Он вытер лоб и макушку носовым платком и усмехнулся более непринужденно.
— Может быть, так и должно происходить, когда главная пружина мира срывается: все обречены говорить и думать то же самое, что говорили и думали вчера.
— Мы не должны отчаиваться, Олджи. Ведь мы пережили войну, период пуританства период промискуитета. Наконец, уехали из Лондона — ведь там теперь настоящий кошмар, после падения последнего авторитарного правительства. Конечно, Коули — не ложе из роз, но Краучер — только временное явление. Если мы сумеем пережить его, дела пойдут лучше, все уляжется. Тогда мы сможем поселиться где-нибудь постоянно.
— Знаю, любовь моя. Сейчас, похоже, у нас какой-то переходный период. Беда в том, что мы уже прожили несколько переходных периодов, и нас ждут новые. Я не представляю, каким образом может восстановиться нормальная жизнь. Мы просто катимся по наклонной плоскости.
— Нам не нужно ввязываться в политику. ДВСИ(А) не требует от тебя никакой политики: ты только собираешь сведения. Мы ведь сможем подыскать какое-нибудь спокойное и более-менее безопасное место, правда?

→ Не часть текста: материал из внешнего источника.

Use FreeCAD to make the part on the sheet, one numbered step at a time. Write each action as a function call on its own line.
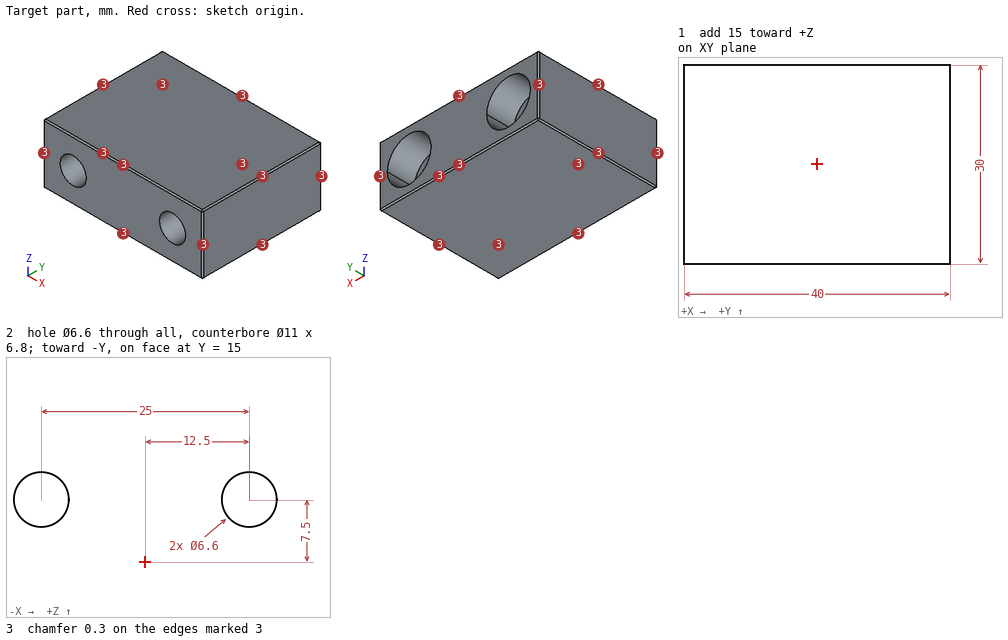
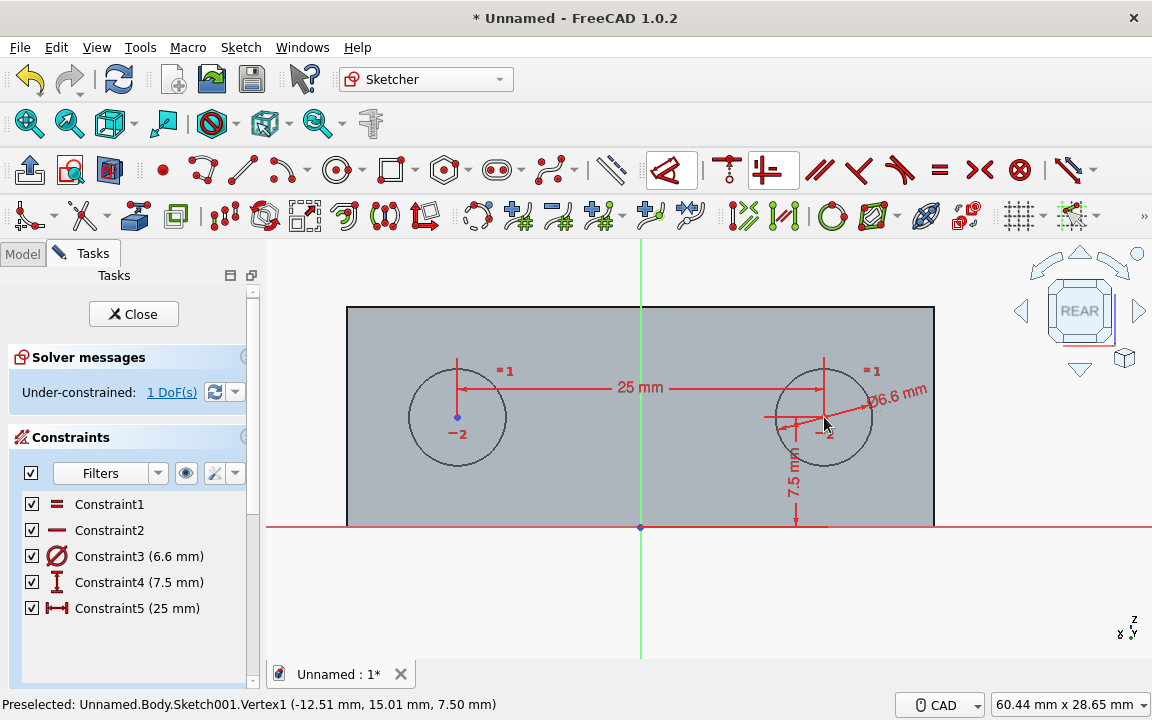
click(692, 170)

Тимберлейн рассмеялся. Слова Марты действительно развеселили его. Он встал, пригладил свои редкие волосы с перемежающимися седыми и темными прядями и придвинул стул ближе.

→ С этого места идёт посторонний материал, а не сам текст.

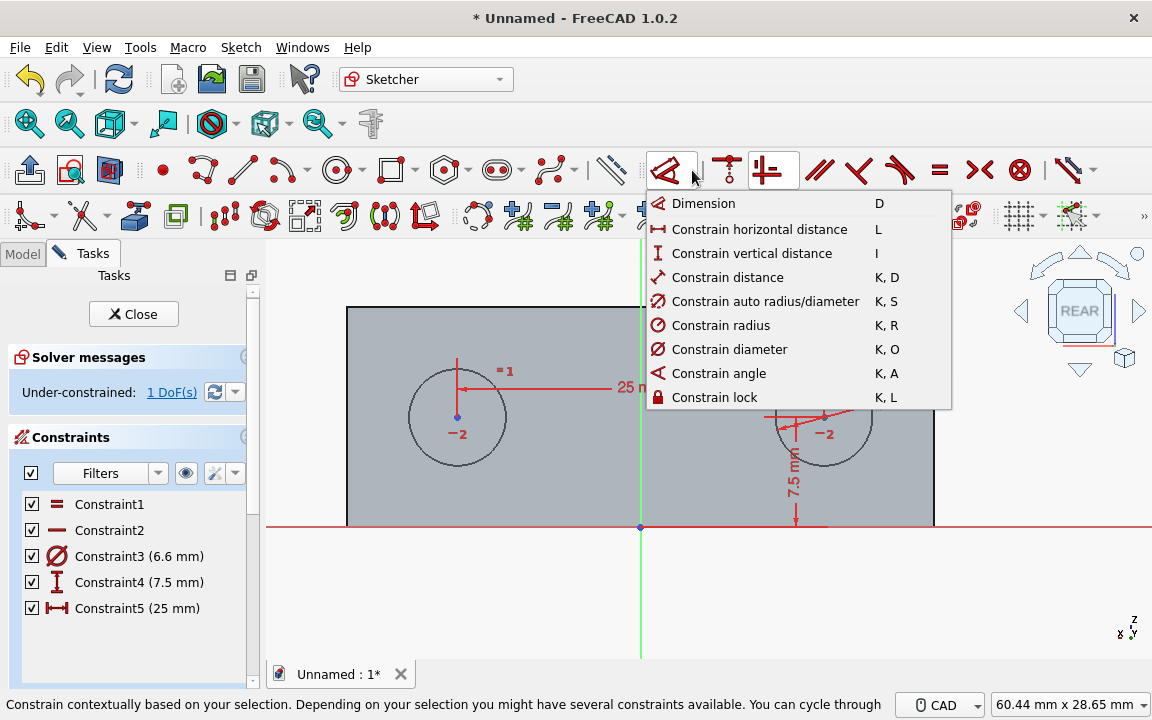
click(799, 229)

— Марта, я по-прежнему без ума от тебя! Наша национальная черта — думать о политике как о чем-то происходящем в парламенте. Это ошибка; политика происходит в нас самих. Ты же знаешь, любовь моя, Правительство Объединенных Наций рухнуло, и слава Богу. Но благодаря его военному закону что-то еще действовало, колесики крутились. Теперь закона нет, и миллионы людей говорят: «Мне не нужно зарабатывать, у меня нет ни сыновей, ни дочерей. Зачем я буду работать?» И они прекращают работу. Другие еще, может быть, хотят трудиться, но промышленность — это ведь целый организм. Выведи из строя одну часть, и все развалится. Фабрики Британии стоят пустые. Мы ничего не производим на экспорт. Думаешь, Америка, Содружество или другие страны будут кормить нас даром? Конечно, нет. Тем более у них самих дела едва ли лучше! Сейчас уже ощущается нехватка продуктов, но в будущем году, поверь мне, начнется настоящий голод. Твое безопасное место перестанет существовать. На самом деле здесь может быть только одно безопасное место.